La "defixionum tabellae" de Martos mide 10,7 cms de largo y 5,6 cms de ancho.
Ocaña nos comenta que desde el Museo de Martos se han puesto en contacto con epigrafistas de las universidades de Valladolid, Córdoba y Barcelona, sin que hasta el momento hayan recibido una respuesta que identifique el lenguaje en que está inscrita ésta lámina de plomo.

Hemos estado investigando -nos comenta Ocaña- sobre esta extraña tablilla, "y hemos encontrado semejanzas con la "tablilla de Llíria", encontrada en esta localidad valenciana y la de Orleyl, en Castellón, "aunque en este caso se trata de una "defixionum" ibérica." "Existen otras tablillas semejantes aparecidas en  Ampurias, Sagunto, Córdoba o Itálica, aunque en estos casos -aunque con mucho esfuerzo por parte de los epigrafiastas- ha sido posible identificar su origen latino."

ESCRITA EN LATÍN
Desde La Bitácora de Jenri nos hemos puesto en contacto con la Dra. Ana Vázquez Hoys, de la Universidad Nacional de Educación a Distancia (UNED), quien después de observar las fotografías que le enviamos nos apunta que "podría tratarse de latín", y en su página web comenta sobre estas pequeñas tablillas, llenas de conjuros, "que suelen estar escritas de forma incorrecta, a veces con la repetición incomprensible de las palabras, lo que impide su correcta interpretación y que a menudo las hace incomprensibles".

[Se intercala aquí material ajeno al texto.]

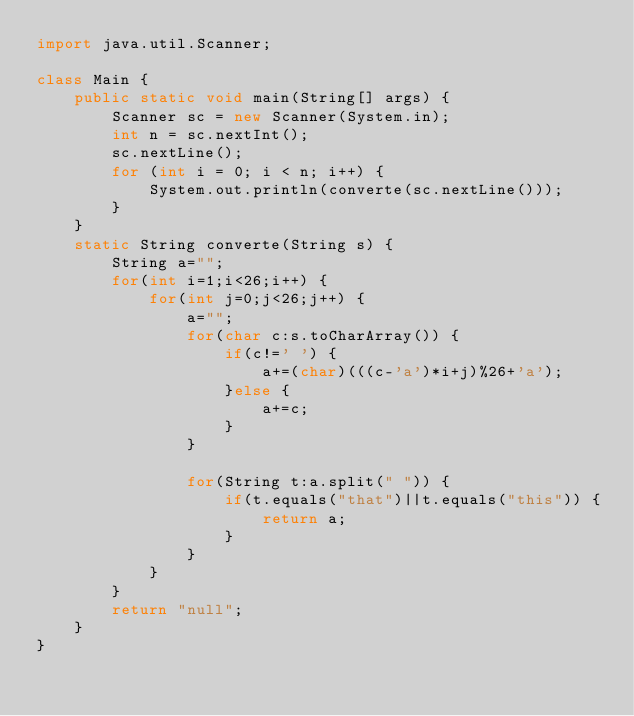<code> <loc_0><loc_0><loc_500><loc_500><_Java_>import java.util.Scanner;

class Main {
    public static void main(String[] args) {
        Scanner sc = new Scanner(System.in);
        int n = sc.nextInt();
        sc.nextLine();
        for (int i = 0; i < n; i++) {
            System.out.println(converte(sc.nextLine()));
        }
    }
    static String converte(String s) {
        String a="";
        for(int i=1;i<26;i++) {
            for(int j=0;j<26;j++) {
                a="";
                for(char c:s.toCharArray()) {
                    if(c!=' ') {
                        a+=(char)(((c-'a')*i+j)%26+'a');                
                    }else {
                        a+=c;
                    }
                }

                for(String t:a.split(" ")) {
                    if(t.equals("that")||t.equals("this")) {
                        return a;
                    }
                }
            }
        }
        return "null";
    }
}
</code>

 "Estos aparentes errores de redacción o incorrecciones con respecto al lenguaje culto, no son más que una serie de elementos mágicos, que obscurecen el texto a propósito", dice la profesora Vázquez Hoys.
Detalle de las grafías que aparecen en la tablilla de Martos.
Segun Vázquez Hoys, "en algunos casos se llega a emplear "la escritura de espejo", ya que muestran grafías escritas al revés, tal es el caso de la encontrada en Ampurias.

Sobre la procedencia de la tablilla, Francisco Ocaña nos comenta que no está nada claro, ya que no se acompañaba de ninguna etiqueta o identificación, y que además fue encontrada en una maleta junto a otros objetos arqueológicos que el Padre Recio guardaba de sus viajes por Italia y el norte de África.

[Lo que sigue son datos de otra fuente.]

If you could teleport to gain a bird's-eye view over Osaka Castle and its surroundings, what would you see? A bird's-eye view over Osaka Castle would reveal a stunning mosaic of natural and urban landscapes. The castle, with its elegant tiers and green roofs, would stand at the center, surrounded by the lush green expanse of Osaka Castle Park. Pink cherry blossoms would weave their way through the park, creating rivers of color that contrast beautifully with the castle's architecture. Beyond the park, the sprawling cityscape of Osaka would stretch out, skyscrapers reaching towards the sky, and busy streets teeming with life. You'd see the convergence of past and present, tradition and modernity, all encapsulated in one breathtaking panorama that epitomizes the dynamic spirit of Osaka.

TABLILLA DE MALDICIÖN ("DEFIXIONUM TABILLAE")
Una tablilla de maldición (en latín defixio, y en griego κατάδεσμος katádesmos) era un medio frecuente para maldecir en el mundo grecorromano, por el que alguien pedía a uno o más dioses que dañasen a otros, con frecuencia como venganza. 

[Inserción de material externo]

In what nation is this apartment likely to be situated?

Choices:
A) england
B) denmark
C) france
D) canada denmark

Se escribían estos textos en finas hojas de plomo que posteriormente se enrollaban, doblaban o clavaban. Estas tablillas se colocaban normalmente bajo tierra, ya fuera enterrándolas en tumbas, arrojándolas a manantiales, pozos o piscinas, escondiéndolas en santuarios subterráneos, o incrustándolas en las paredes de los templos.